TASK ITEM ▸ For this exercise, copy each line of the records that contains the word "minimum".

RECORDS SHOWN ▸
= Beginning of Section =
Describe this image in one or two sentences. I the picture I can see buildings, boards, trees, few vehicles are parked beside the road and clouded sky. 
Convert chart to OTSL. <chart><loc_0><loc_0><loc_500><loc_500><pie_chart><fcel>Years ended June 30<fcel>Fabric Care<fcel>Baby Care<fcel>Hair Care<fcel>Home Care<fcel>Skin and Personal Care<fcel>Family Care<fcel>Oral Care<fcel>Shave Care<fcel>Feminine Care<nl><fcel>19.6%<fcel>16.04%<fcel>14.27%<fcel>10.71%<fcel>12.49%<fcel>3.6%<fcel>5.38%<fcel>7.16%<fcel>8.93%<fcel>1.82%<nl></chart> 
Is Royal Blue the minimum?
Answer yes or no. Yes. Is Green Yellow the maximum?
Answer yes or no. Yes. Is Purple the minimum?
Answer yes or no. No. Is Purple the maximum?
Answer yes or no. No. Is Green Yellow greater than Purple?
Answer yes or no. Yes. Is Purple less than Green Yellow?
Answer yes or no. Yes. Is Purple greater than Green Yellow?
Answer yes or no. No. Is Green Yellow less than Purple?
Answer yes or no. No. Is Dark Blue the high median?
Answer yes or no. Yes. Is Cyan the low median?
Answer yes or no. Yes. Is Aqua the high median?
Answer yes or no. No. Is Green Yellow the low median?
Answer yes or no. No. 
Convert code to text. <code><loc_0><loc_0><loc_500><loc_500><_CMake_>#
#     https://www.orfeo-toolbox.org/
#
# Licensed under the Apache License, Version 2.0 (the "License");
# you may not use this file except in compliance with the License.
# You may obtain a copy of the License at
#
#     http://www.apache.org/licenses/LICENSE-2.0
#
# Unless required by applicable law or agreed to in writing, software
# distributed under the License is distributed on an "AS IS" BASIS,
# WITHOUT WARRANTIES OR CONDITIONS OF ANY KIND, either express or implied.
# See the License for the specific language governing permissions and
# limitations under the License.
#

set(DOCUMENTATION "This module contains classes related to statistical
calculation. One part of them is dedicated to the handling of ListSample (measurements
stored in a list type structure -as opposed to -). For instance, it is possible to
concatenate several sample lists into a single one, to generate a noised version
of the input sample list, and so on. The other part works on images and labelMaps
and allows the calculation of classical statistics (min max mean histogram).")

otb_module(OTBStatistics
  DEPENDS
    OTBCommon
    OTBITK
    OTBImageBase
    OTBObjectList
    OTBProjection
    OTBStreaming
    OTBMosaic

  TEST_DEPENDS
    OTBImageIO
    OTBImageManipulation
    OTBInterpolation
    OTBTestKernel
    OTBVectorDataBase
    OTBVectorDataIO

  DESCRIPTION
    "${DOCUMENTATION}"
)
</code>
= End of Section =
= Beginning of Section =
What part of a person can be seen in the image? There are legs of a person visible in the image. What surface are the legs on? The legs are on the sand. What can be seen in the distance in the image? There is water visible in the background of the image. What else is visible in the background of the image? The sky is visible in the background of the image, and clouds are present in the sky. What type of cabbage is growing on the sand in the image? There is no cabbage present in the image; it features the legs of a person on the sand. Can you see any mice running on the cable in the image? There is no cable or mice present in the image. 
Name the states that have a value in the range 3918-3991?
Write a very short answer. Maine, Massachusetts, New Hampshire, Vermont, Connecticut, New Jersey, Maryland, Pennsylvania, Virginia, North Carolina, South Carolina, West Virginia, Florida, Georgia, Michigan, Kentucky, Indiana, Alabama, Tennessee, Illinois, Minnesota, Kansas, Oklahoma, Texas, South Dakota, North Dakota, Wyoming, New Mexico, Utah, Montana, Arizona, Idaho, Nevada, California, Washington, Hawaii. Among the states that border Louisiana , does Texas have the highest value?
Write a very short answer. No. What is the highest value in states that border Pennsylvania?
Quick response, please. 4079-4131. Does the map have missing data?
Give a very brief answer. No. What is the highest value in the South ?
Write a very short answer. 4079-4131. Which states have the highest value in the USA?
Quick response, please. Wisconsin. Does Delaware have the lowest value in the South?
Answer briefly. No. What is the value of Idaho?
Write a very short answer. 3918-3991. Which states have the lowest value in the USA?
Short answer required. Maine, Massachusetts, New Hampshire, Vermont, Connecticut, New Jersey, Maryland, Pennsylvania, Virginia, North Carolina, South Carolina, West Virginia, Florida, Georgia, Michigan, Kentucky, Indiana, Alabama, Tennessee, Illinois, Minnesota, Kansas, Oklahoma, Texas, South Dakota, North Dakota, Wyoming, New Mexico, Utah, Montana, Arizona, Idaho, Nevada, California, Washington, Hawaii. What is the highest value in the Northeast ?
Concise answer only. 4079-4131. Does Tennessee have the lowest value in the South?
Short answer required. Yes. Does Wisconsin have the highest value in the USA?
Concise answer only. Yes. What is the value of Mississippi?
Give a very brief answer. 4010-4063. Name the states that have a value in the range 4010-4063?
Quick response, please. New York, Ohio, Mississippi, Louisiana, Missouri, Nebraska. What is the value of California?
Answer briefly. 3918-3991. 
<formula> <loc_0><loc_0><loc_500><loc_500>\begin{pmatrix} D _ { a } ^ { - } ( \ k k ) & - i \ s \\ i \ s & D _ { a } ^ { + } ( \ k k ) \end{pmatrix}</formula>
= End of Section =
= Beginning of Section =
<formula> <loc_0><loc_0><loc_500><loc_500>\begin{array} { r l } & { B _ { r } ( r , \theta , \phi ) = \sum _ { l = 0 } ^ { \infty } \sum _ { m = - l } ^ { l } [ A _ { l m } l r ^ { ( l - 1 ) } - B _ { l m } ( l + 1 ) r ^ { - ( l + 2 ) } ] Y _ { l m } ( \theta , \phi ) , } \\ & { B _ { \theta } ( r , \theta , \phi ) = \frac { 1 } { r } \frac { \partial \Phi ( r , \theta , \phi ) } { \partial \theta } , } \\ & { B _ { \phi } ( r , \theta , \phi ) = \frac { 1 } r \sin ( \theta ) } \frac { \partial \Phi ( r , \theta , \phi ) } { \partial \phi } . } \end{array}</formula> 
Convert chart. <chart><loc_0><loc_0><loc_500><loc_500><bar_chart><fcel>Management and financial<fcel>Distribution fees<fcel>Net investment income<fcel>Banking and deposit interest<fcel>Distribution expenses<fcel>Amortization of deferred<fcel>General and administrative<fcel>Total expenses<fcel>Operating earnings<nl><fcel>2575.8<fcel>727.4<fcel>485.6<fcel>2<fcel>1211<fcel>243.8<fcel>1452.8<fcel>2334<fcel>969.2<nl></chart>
= End of Section =
RESPONSE TO THE EXERCISE ▸
Is Royal Blue the minimum?
Answer yes or no. Yes. Is Purple the minimum?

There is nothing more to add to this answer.